Growing up in a quaint rural town where high-powered people from NYC liked to "get away", this is very common situation, and the inability to disconnect and adopt a slower attitude was, IMO, the primary cause of friction between the weekenders and the locals. They would physically get away from the city, but were unable to mentally release the blend of Type-A competitive neuroses that helped them get ahead in the city but just made them come off as obnoxious in this slower, quieter place.
I've found myself in this mode before, too. A couple of years ago I was preparing for weeklong wilderness backpacking trip with some friends. I'd recently quit my high-stress job to take some time off, and I had a few new pieces of gear I wanted to test before relying on them on a longer trip. When I looked at the calendar, though, every weekend before we were to leave was already spoken for.

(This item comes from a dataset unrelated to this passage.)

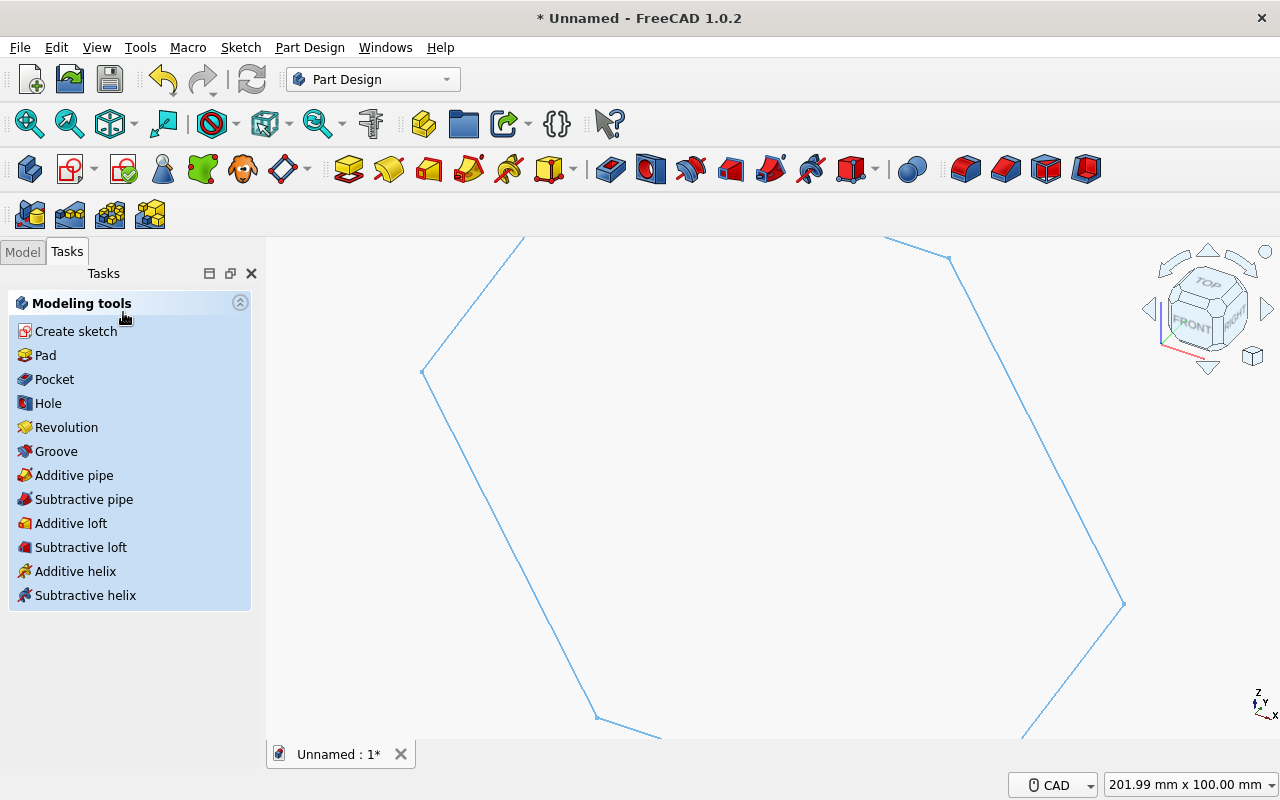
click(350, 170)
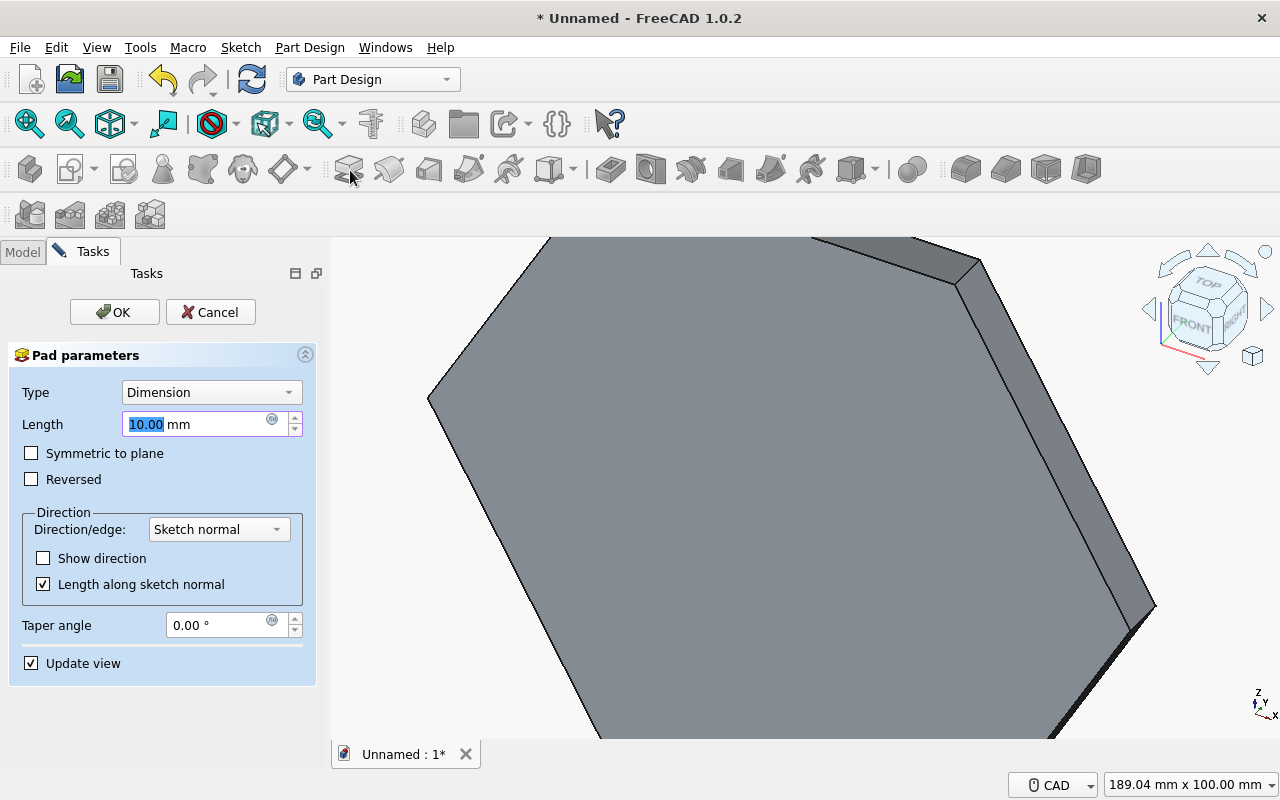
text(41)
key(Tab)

I was worrying about it to my wife, trying to decide whether I'd just have to use the old worn out gear or risk it with the new stuff, when she stopped me: "why don't you just... go on Monday?" It took me a second to even get what she was saying—I was still so much in work-all-the-time-mode that my brain didn't even consider whatsoever the possibility that I could just... go off and go camping on a weekday. I was really baffled for a moment, and I've reflected on that a bit since, it's funny how you can be trapped in your own default operating mode and not even realize it.
It’s like those animals that walk in little circles the size of their last pen.